Segundo Costa (2003).
“Ao atribuir a fermentação a microorganismos, Pasteur conseguiu, pela primeira vez na história da medicina, precisar a casa das doenças, assim como desenvolver mecanismos para evitar tais enfermidades: as vacinas. No Brasil, o principal seguidor dessa teoria foi Oswaldo Cruz. Foi sob sua adminstração que a Diretoria Geral de Saúde Pública, do governo de Rodrigues Alves (1902-1906), no Rio de Janeiro, protagonizou, segundo Sevcenko (1998), um dos episódios menos compreendidos da história recente do País: a Revolta da Vacina”. (p.90)
O tifo, a tuberculose, a lepra e a varíola assolavam o Rio de Janeiro e colocavam em risco a economia do País. Diante desse problema, Oswaldo Cruz recebeu plenos poderes do governo federal para sanear a cidade. O que foi feito com muita competência e organização, mas também com muito autoritarismo, introduzindo campanhas sanitárias de cunho nitidamente militar.
Os objetivos dos planejadores do final do século XIX e início do século XX eram, segundo Campos (1998), “assegurar condições mínimas de vida para uma população em rápido crescimento, normalizar a ocupação e o uso dos espaços e equipamentos e adequar a cidade aos negócios, às instituições e ao poder burguês”. Nesse sentido, a normatização da ocupação e do uso do solo era o aspecto mais importante dos planos realizados em São Paulo. Nessa perspectiva, a teoria mesológica ganhava outro sentido e mais adeptos, pois, no embate com a teoria microbiana, justificava cientificamente a dominação do espaço.
Por fim, depreendemos que não havia tanta diferença entre as medidas a serem tomadas e os resultados obtidos. Enquanto a teoria microbiana atacava as causas, a teoria dos meios atacava não a doença em si, mas as condições propícias a sua manifestação. Assim, para o planejamento urbano, não havia tanta diferença em ser seguidor de uma ou de outra teoria.

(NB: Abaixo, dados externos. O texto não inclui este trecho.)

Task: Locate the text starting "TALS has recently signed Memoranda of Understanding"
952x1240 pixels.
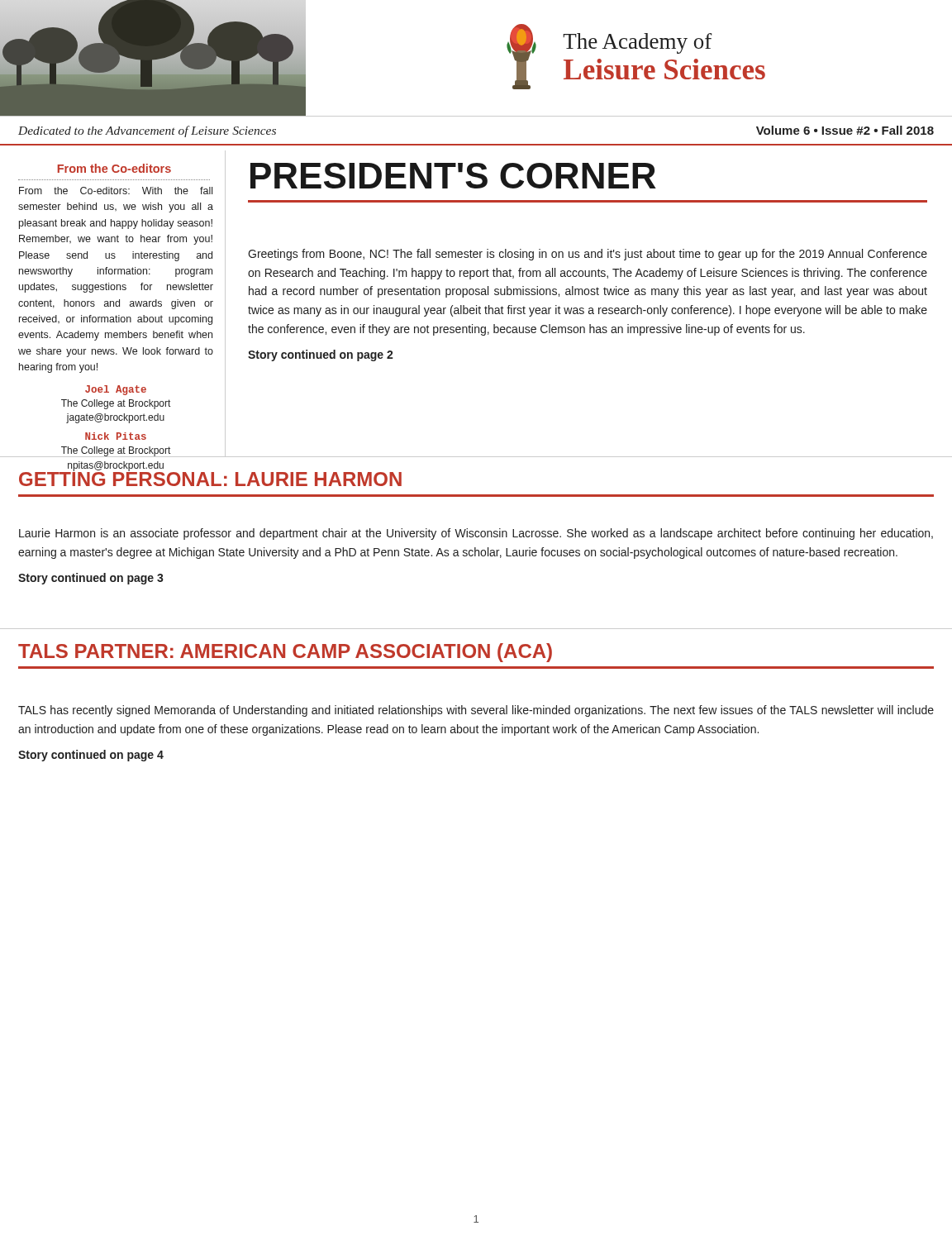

A formulação historicista de Camillo Sitte
O livro de Camillo de Sitte, A Construção das Cidades Segundo Seus Princípios Artísticos, foi imediatamente recebido pelos profissionais da área. Segundo alguns autores, o livro era uma resposta crítica às obras que o Barão de Haussmann executou em Paris no século XIX e, em um patamar mais amplo, como crítica à forma como as cidades vinham sendo erguidas naquela época.
O livro utiliza um amplo aporte histórico como forma de compreensão dos princípios que guiaram, no passado, a construção das cidades e que deveriam ser apreendidos em sua essência. A análise histórica assume uma opção metodológica para Sitte que revela uma essência estético-antropológica no construir as cidades, na qual as dimensões tácitas do espaço são determinantes para o sucesso da empreitada.
Sitte logo na introdução evoca Aristóteles e Pausânias – segundo os filósofos gregos não se pode chamar de cidade um lugar onde não existam praças e edifícios públicos -, ao defender que a construção da cidade deve ser pensada não apenas como uma questão técnica, mas antes estética.
Para Sitte, a arte poderia ceder lugar, quando fosse o caso, aos aspectos de higiene ou a outros que se apresentassem como prioritários, justificando sua pesquisa como forma de apresentação dos conhecimentos antigos no tratamento do espaço público.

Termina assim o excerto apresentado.